Microsoft tried to stem the bleeding by purchasing smart phone maker Nokia in 2013. Intent on developing a successful and persistent version of the Windows OS for smart phones, Microsoft hoped to stem the tidal wave of Android and iOS (Apple) devices in offices around the globe by licensing Windows Mobile and Windows Phone to manufacturers while offering premium handsets based on Nokia technology to the public much as Google and Apple did with their operating systems and hardware.

The Nokia purchase was a disaster. The transaction closed in 2014, but by 2015 it was obvious that Nokia could not leverage Microsoft’s technology before Nokia’s failing legacy infrastructure and product pipeline dragged the enterprise down. Microsoft’s new CEO wrote off the entire $7.9B spent in the deal.

Unfortunately the financial details of the LinkedIn acquisition makes no more sense than that of the Nokia acquisition. It is not that Microsoft cannot afford the purchase price. Microsoft will use its $10.5B in 2016 profits to defray the $26.2B all cash outlay, and raise the remainder with a stupendous $16B bond offering.

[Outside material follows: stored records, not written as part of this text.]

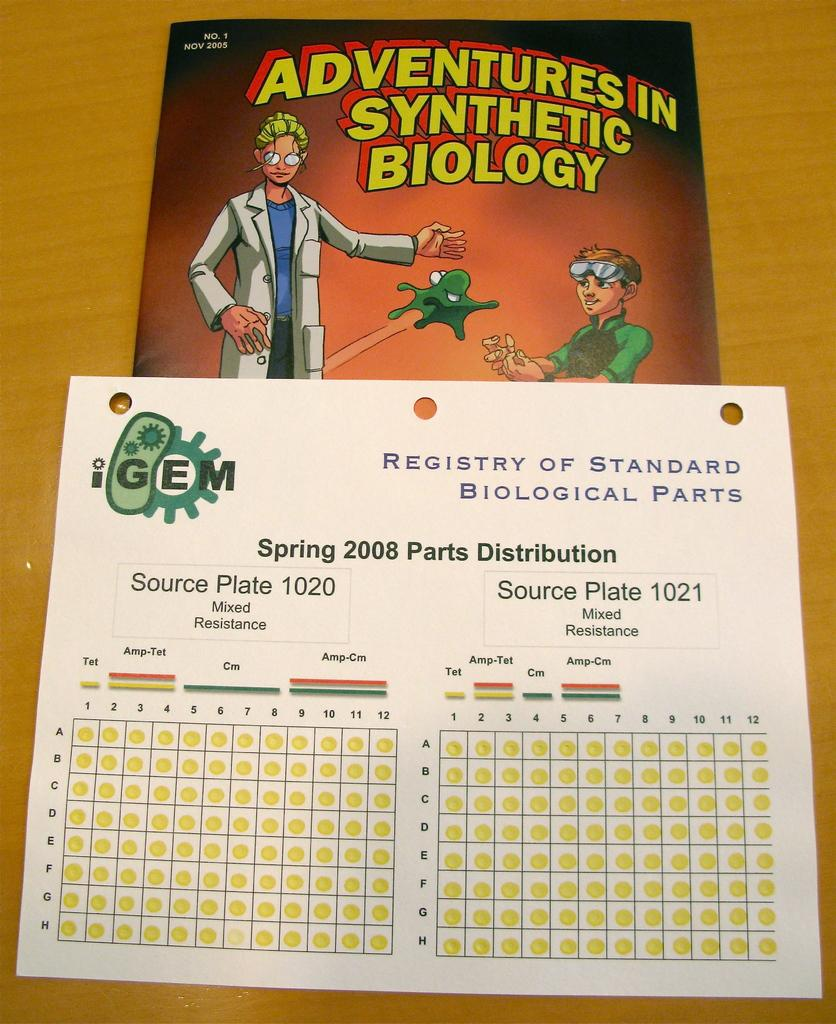<image>
Provide a brief description of the given image. A textbook titled Adventures in Synthetic Biology from November 2009. 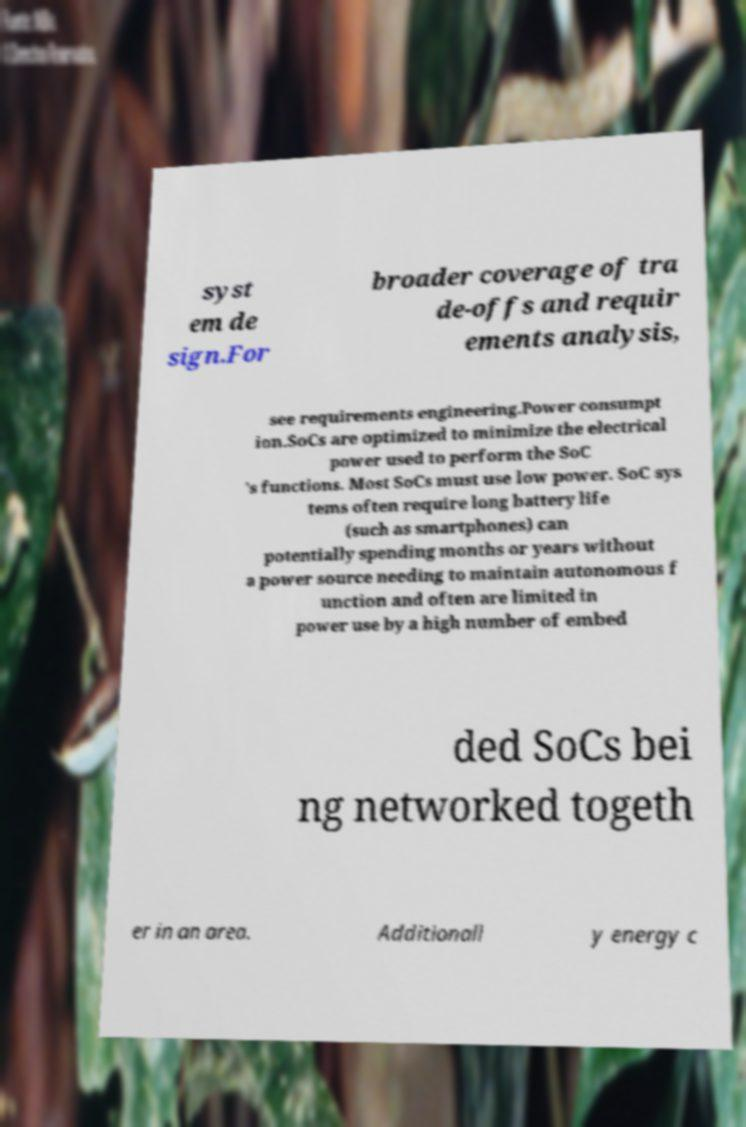Could you assist in decoding the text presented in this image and type it out clearly? syst em de sign.For broader coverage of tra de-offs and requir ements analysis, see requirements engineering.Power consumpt ion.SoCs are optimized to minimize the electrical power used to perform the SoC 's functions. Most SoCs must use low power. SoC sys tems often require long battery life (such as smartphones) can potentially spending months or years without a power source needing to maintain autonomous f unction and often are limited in power use by a high number of embed ded SoCs bei ng networked togeth er in an area. Additionall y energy c 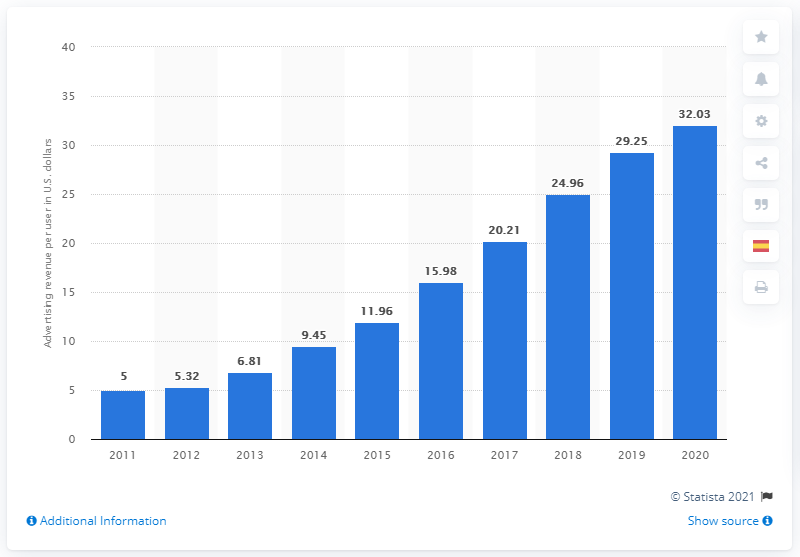Highlight a few significant elements in this photo. Facebook's average advertising revenue per user in 2020 was approximately $32.03.

The offering will, despite its size, attract an endless line of willing buyers, so the rate should not be much more than prime, or 3.5%. The resulting $560M a year in interest is basically a rounding error for Microsoft, and they could easily retire the debt well short of maturity. No, the reason the deal doesn’t make financial sense is that the profit prospects of LinkedIn cannot justify a billion dollar asking price, never mind $26B.

LinkedIn is a tool for business people, not a destination. Facebook commands billions of dollars in advertising because its subscribers spend hours every day trolling their web pages. LinkedIn probabaly gets only minutes of a typical subscriber’s day, not hours. Is a minute of eyeball time on LinkeIn worth more than an hour of eyeball time on Facebook? Maybe. So far it hasn’t been. Microsoft is betting $26B that its scale, money, and technological prowess will make that paradigm come true.

Well sort of. I prefer the siege theory rather than the profit and revenues theory when it comes to attempts in divining the true motives behind the LinkedIn acquisition. Microsoft’s business software monopoly is under siege from all sides. And like the Medieval cities that hired mercenaries to help man the walls against the onslaught of barbarians, Microsoft has hired LinkedIn to stand post.

May the best companies win. I’ll be under a shady spot on a nearby hill watching the assault.